#### Given information
****************************************

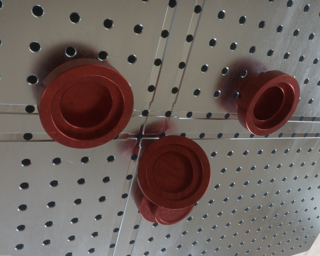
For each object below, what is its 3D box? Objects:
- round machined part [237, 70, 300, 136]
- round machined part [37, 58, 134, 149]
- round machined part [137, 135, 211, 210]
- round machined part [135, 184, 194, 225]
[{"bbox_3d":[0.156,-0.040,0.463,0.099,0.042,0.097,-14,125,-21],"label":"round machined part"},{"bbox_3d":[-0.082,-0.029,0.338,0.099,0.042,0.097,-14,125,-21],"label":"round machined part"},{"bbox_3d":[0.017,0.061,0.427,0.099,0.042,0.097,2,80,-10],"label":"round machined part"},{"bbox_3d":[0.015,0.110,0.479,0.099,0.042,0.097,-14,125,-21],"label":"round machined part"}]
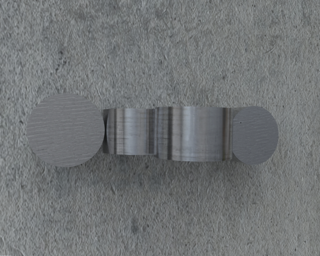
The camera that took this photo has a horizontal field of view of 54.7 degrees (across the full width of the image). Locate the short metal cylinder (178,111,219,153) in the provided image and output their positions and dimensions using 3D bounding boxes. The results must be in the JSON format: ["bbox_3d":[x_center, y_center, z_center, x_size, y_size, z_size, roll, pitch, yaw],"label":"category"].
[{"bbox_3d":[0.048,0.005,0.399,0.081,0.080,0.050,0,89,-20],"label":"short metal cylinder"}]

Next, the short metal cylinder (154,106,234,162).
[{"bbox_3d":[0.034,0.005,0.320,0.081,0.080,0.050,1,91,-20],"label":"short metal cylinder"}]

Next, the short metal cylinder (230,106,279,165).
[{"bbox_3d":[0.119,0.010,0.440,0.081,0.050,0.080,0,91,-21],"label":"short metal cylinder"}]

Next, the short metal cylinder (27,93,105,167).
[{"bbox_3d":[-0.109,0.002,0.357,0.081,0.050,0.080,0,90,-21],"label":"short metal cylinder"}]

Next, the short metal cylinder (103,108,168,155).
[{"bbox_3d":[-0.028,0.004,0.371,0.081,0.080,0.050,0,90,-20],"label":"short metal cylinder"}]
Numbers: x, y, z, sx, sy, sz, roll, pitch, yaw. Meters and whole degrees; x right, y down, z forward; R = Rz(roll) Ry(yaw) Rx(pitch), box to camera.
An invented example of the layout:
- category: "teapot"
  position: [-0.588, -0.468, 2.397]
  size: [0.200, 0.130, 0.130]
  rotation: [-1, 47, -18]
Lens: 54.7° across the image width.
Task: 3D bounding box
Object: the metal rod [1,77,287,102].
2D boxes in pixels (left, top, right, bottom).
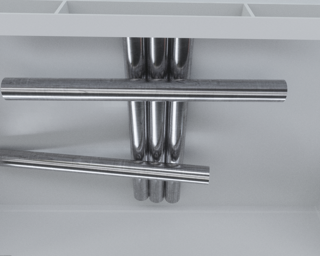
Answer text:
- category: "metal rod"
  position: [-0.016, -0.042, 0.339]
  size: [0.302, 0.025, 0.025]
  rotation: [0, 130, -1]

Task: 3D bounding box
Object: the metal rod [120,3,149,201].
- category: "metal rod"
  position: [-0.028, -0.006, 0.403]
  size: [0.025, 0.025, 0.298]
  rotation: [0, 130, -1]

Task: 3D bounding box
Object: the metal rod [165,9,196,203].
- category: "metal rod"
  position: [0.022, -0.001, 0.406]
  size: [0.025, 0.025, 0.298]
  rotation: [0, 130, -1]

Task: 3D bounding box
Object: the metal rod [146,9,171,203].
- category: "metal rod"
  position: [-0.004, -0.002, 0.406]
  size: [0.025, 0.025, 0.298]
  rotation: [0, 130, -1]

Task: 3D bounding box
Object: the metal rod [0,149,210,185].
- category: "metal rod"
  position: [-0.085, 0.053, 0.428]
  size: [0.302, 0.025, 0.025]
  rotation: [4, 130, 5]
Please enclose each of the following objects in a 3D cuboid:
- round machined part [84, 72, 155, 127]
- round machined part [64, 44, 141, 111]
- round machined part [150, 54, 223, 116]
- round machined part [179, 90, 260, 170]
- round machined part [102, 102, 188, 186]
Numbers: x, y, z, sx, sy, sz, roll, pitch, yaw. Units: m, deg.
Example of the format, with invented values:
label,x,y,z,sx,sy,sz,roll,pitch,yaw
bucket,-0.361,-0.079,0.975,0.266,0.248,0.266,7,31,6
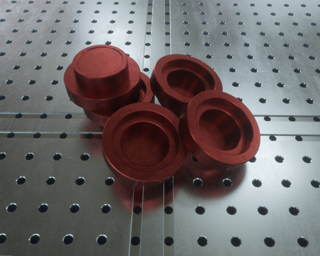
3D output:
label,x,y,z,sx,sy,sz,roll,pitch,yaw
round machined part,-0.056,-0.037,0.426,0.099,0.042,0.098,0,50,0
round machined part,-0.075,-0.071,0.400,0.099,0.042,0.098,0,50,0
round machined part,0.033,-0.055,0.431,0.099,0.042,0.098,11,50,-13
round machined part,0.068,0.006,0.377,0.099,0.042,0.098,11,59,-18
round machined part,-0.019,0.022,0.367,0.099,0.042,0.098,5,64,-9
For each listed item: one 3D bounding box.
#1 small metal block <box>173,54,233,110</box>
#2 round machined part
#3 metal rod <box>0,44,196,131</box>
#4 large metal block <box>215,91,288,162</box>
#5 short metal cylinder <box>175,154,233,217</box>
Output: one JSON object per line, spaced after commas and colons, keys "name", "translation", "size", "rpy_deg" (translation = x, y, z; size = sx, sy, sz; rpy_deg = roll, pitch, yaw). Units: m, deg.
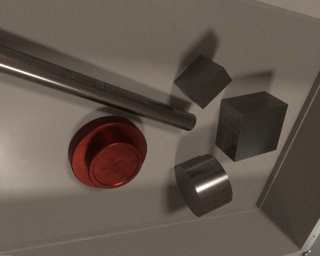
{"name": "small metal block", "translation": [0.052, -0.058, 0.387], "size": [0.050, 0.050, 0.025], "rpy_deg": [-45, 130, 3]}
{"name": "round machined part", "translation": [-0.061, 0.037, 0.389], "size": [0.099, 0.042, 0.097], "rpy_deg": [-14, 125, -21]}
{"name": "metal rod", "translation": [-0.077, -0.043, 0.340], "size": [0.302, 0.025, 0.025], "rpy_deg": [17, 110, -35]}
{"name": "large metal block", "translation": [0.136, -0.004, 0.467], "size": [0.081, 0.050, 0.079], "rpy_deg": [-12, 124, -22]}
{"name": "short metal cylinder", "translation": [0.063, 0.085, 0.462], "size": [0.050, 0.080, 0.079], "rpy_deg": [-21, 127, -16]}
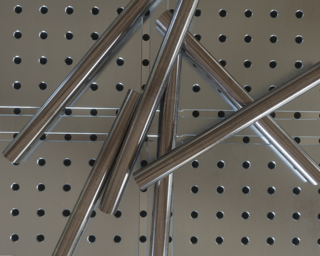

****************************************

Working from the entries above, filter out every line that lacks "invented" and copy what remains.

#### Task solution
An invented example of the layout:
Example of the format, with invented values:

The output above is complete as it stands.